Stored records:
————
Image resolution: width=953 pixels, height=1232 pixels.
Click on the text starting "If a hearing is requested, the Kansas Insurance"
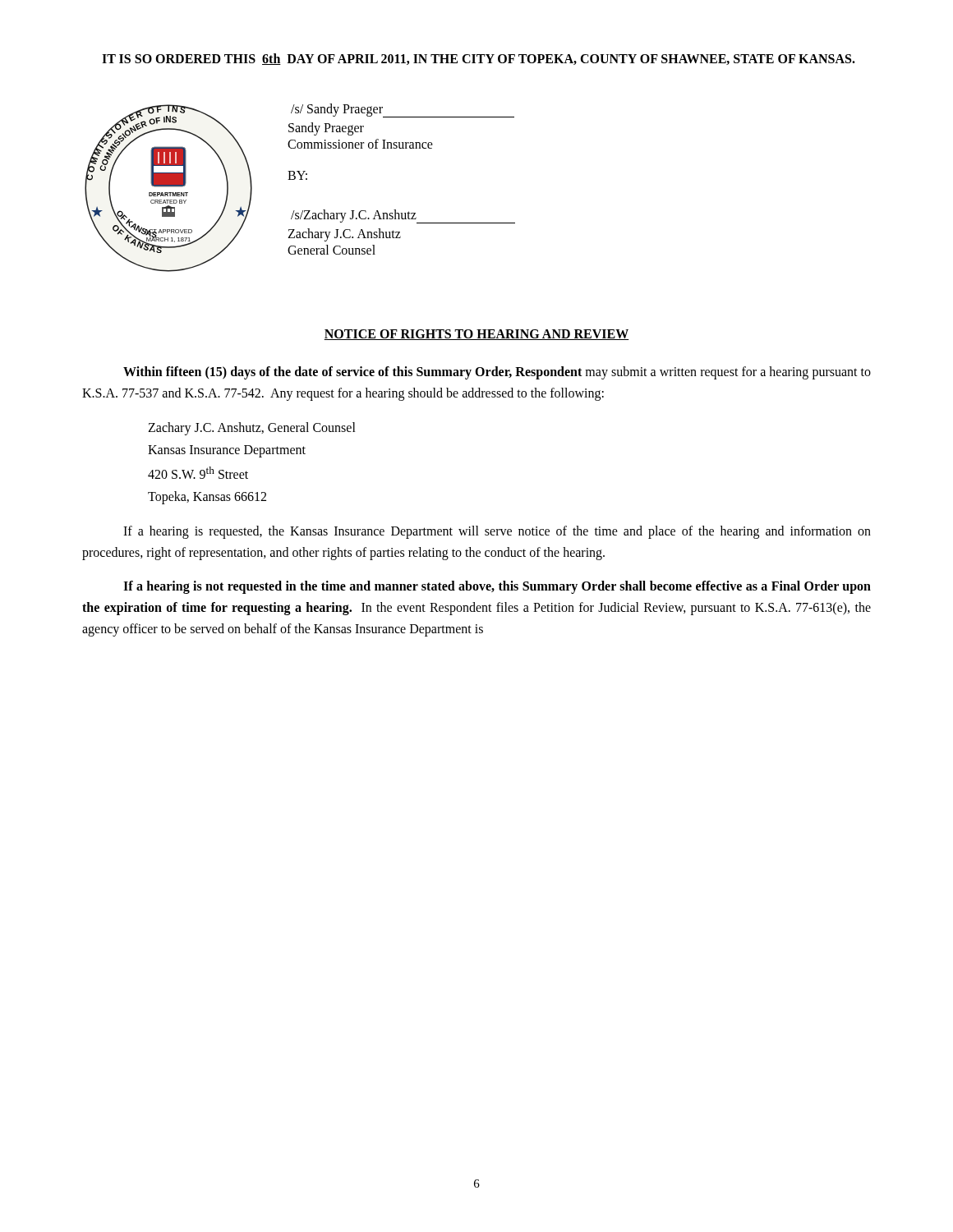476,542
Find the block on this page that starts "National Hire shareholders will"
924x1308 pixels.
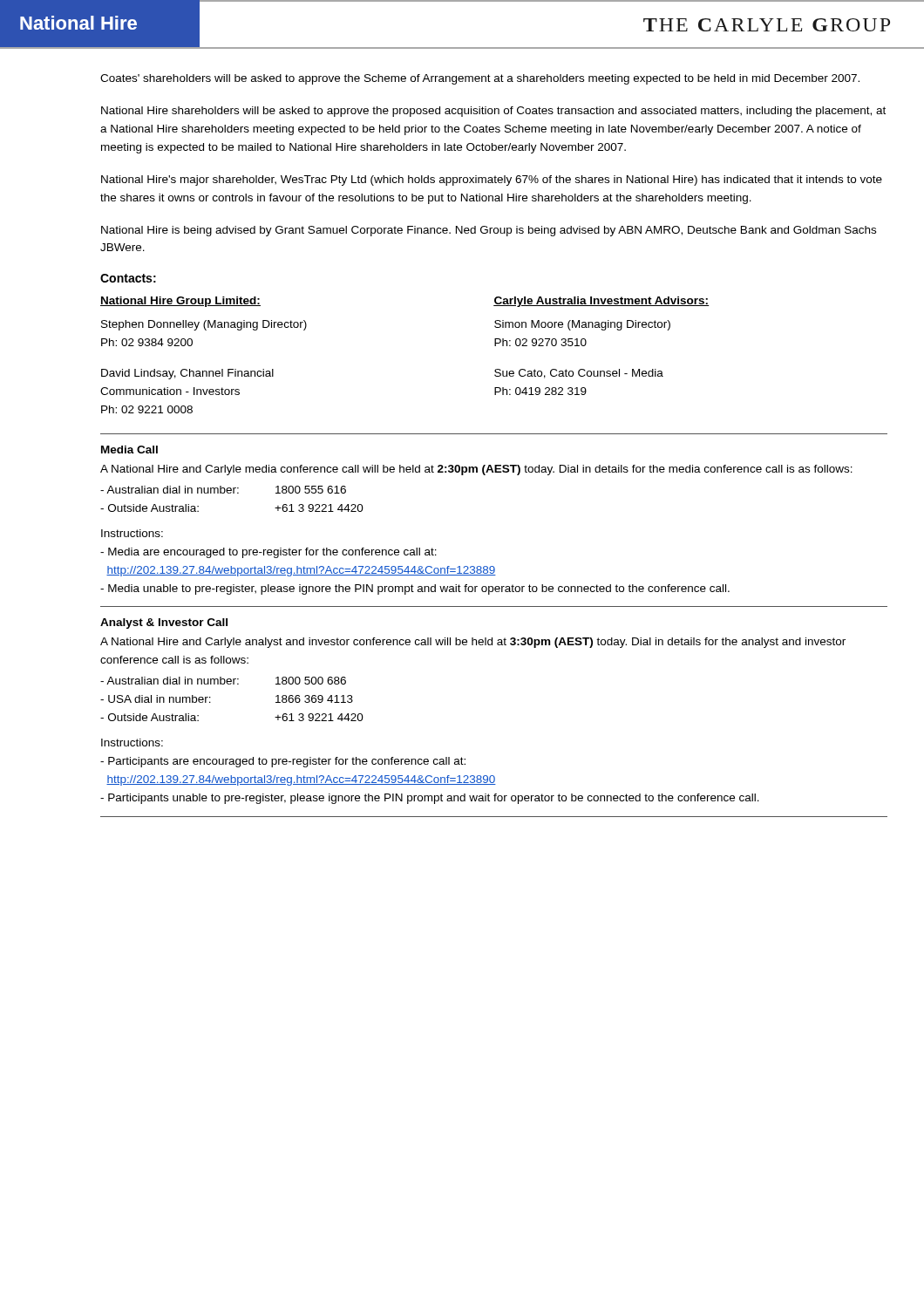pos(493,129)
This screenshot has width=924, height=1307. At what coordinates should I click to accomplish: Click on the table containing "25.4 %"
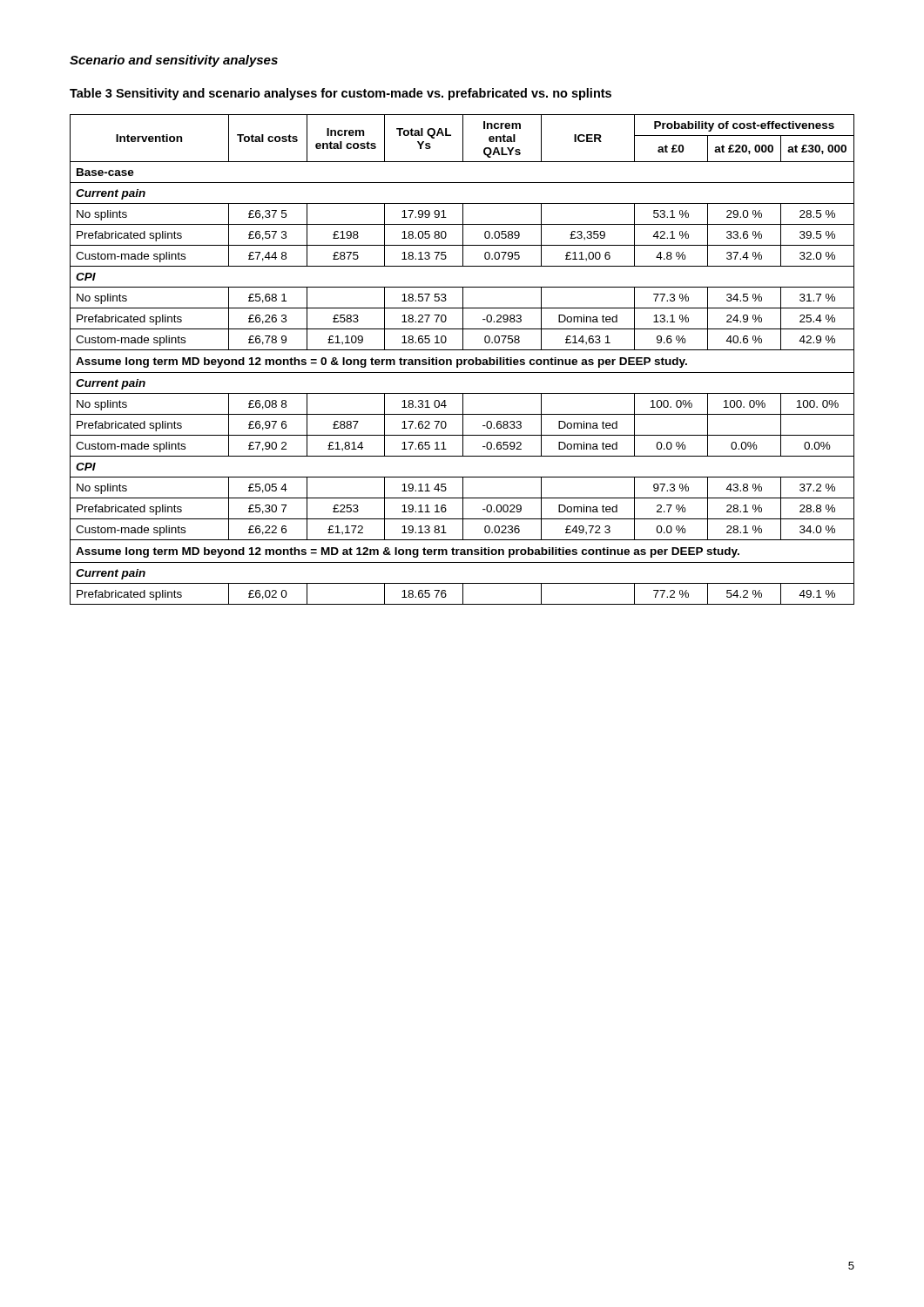[x=462, y=360]
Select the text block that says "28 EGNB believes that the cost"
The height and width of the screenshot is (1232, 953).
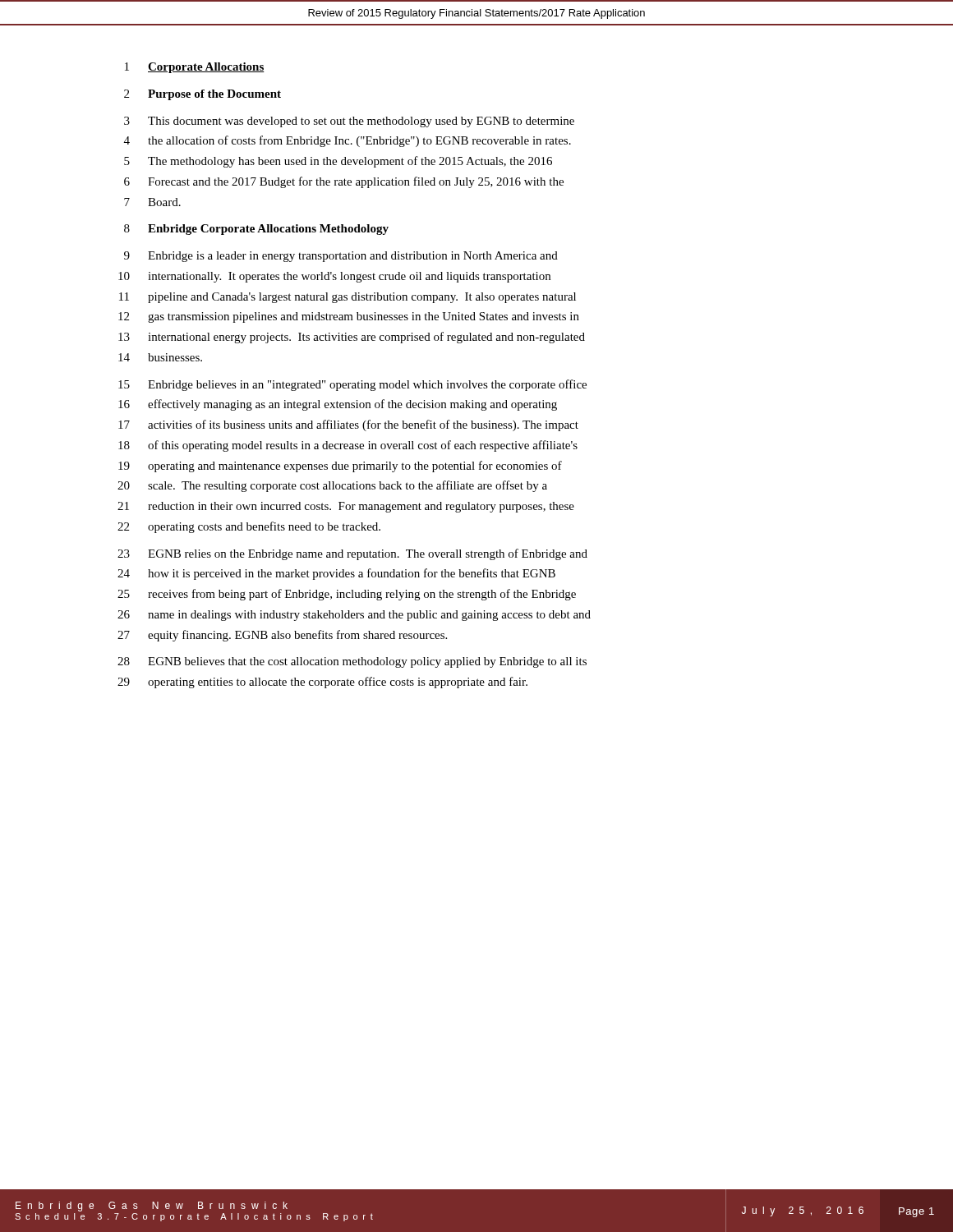(476, 662)
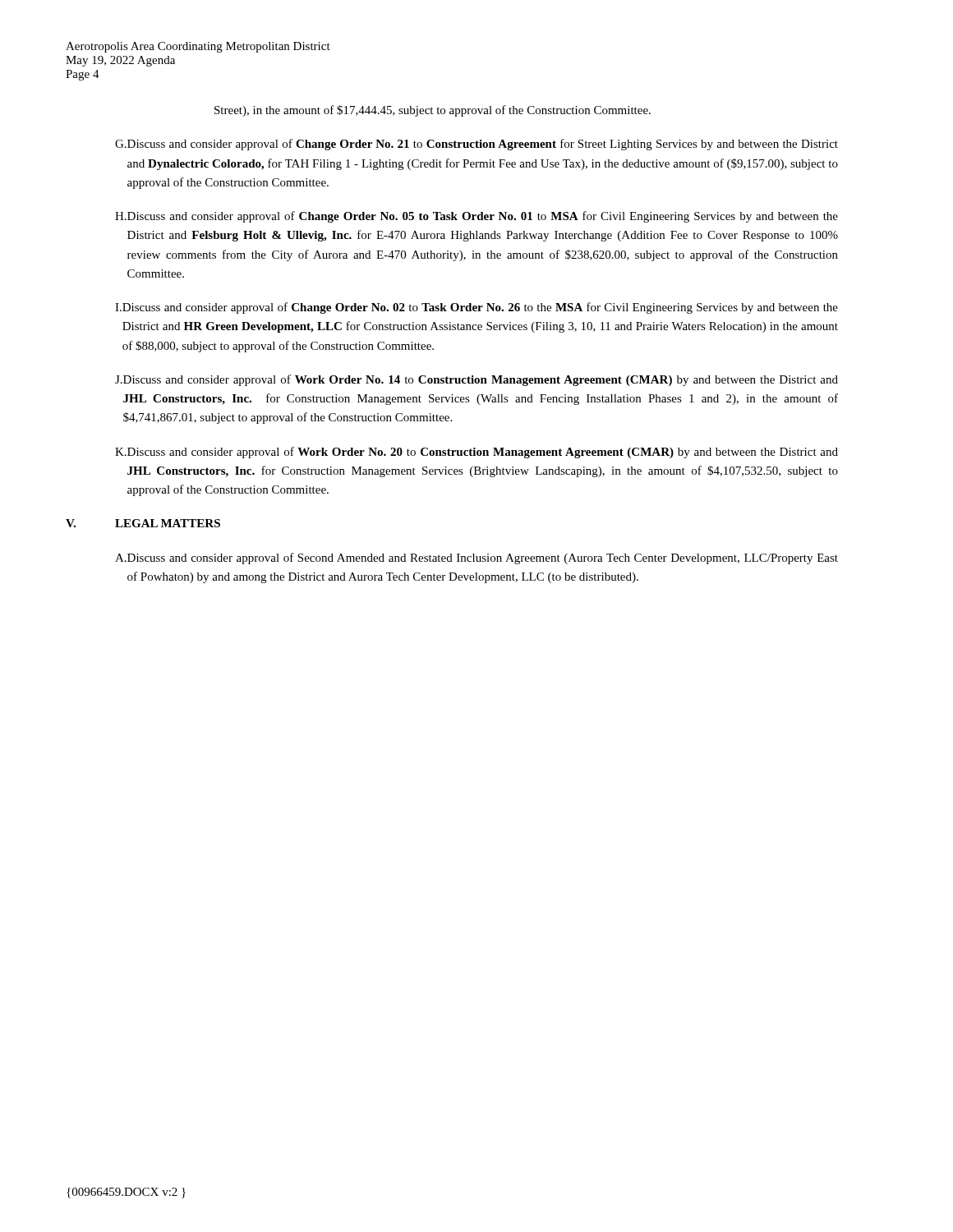Select the section header
The image size is (953, 1232).
click(143, 524)
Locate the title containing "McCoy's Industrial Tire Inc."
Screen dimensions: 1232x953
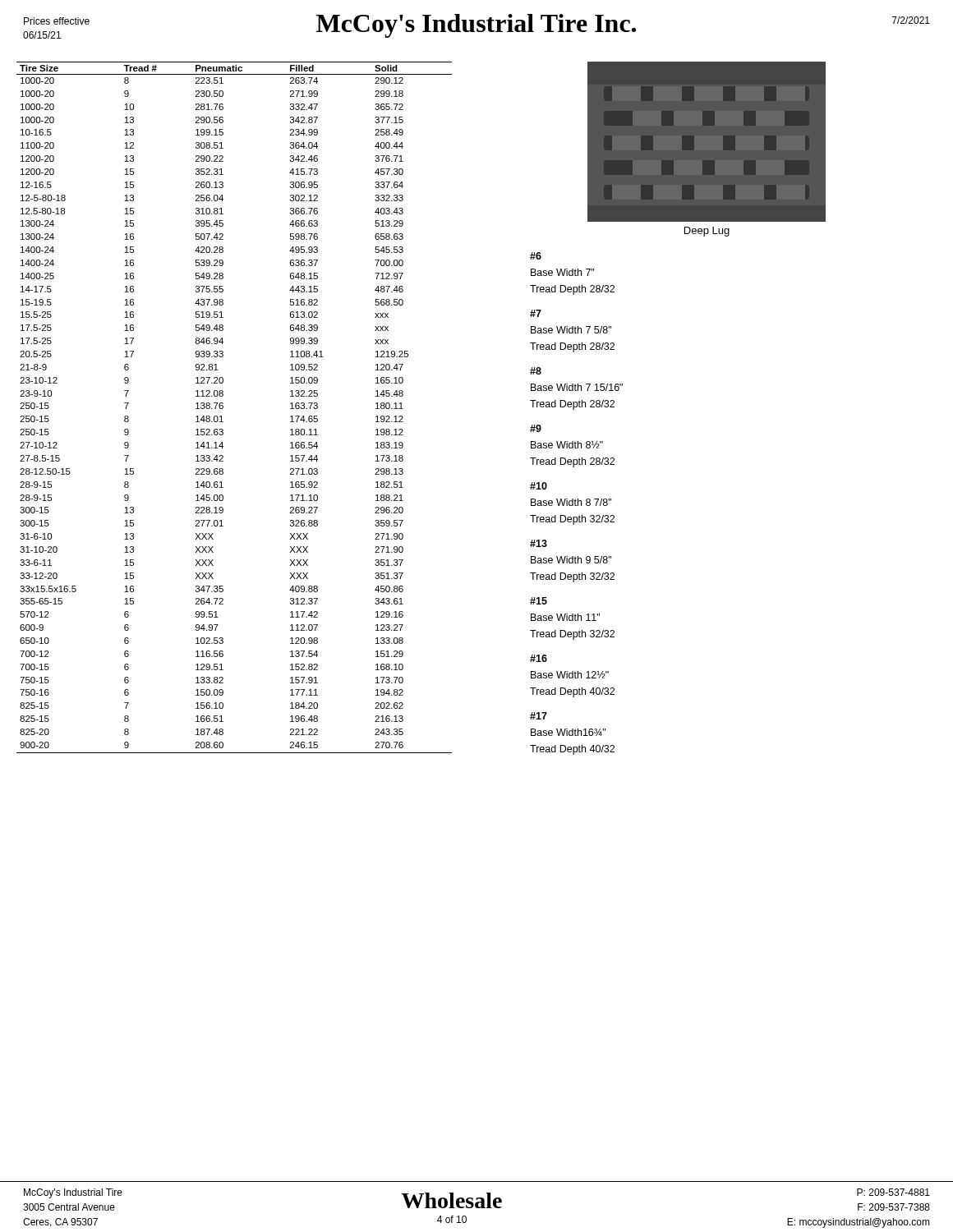[476, 23]
————
Task prompt
Could the data above be reproduced exactly, with the pictures left out?

Answer space
Image resolution: width=953 pixels, height=1232 pixels.
Click on the text starting "If a hearing is requested, the Kansas Insurance"
476,542
Find the block on this page that starts "National Hire shareholders will"
924x1308 pixels.
pos(493,129)
This screenshot has width=924, height=1307. At what coordinates should I click to accomplish: Click on the table containing "25.4 %"
[x=462, y=360]
Select the text block that says "28 EGNB believes that the cost"
The height and width of the screenshot is (1232, 953).
(476, 662)
Select the section header
The image size is (953, 1232).
click(143, 524)
Locate the title containing "McCoy's Industrial Tire Inc."
Screen dimensions: 1232x953
[476, 23]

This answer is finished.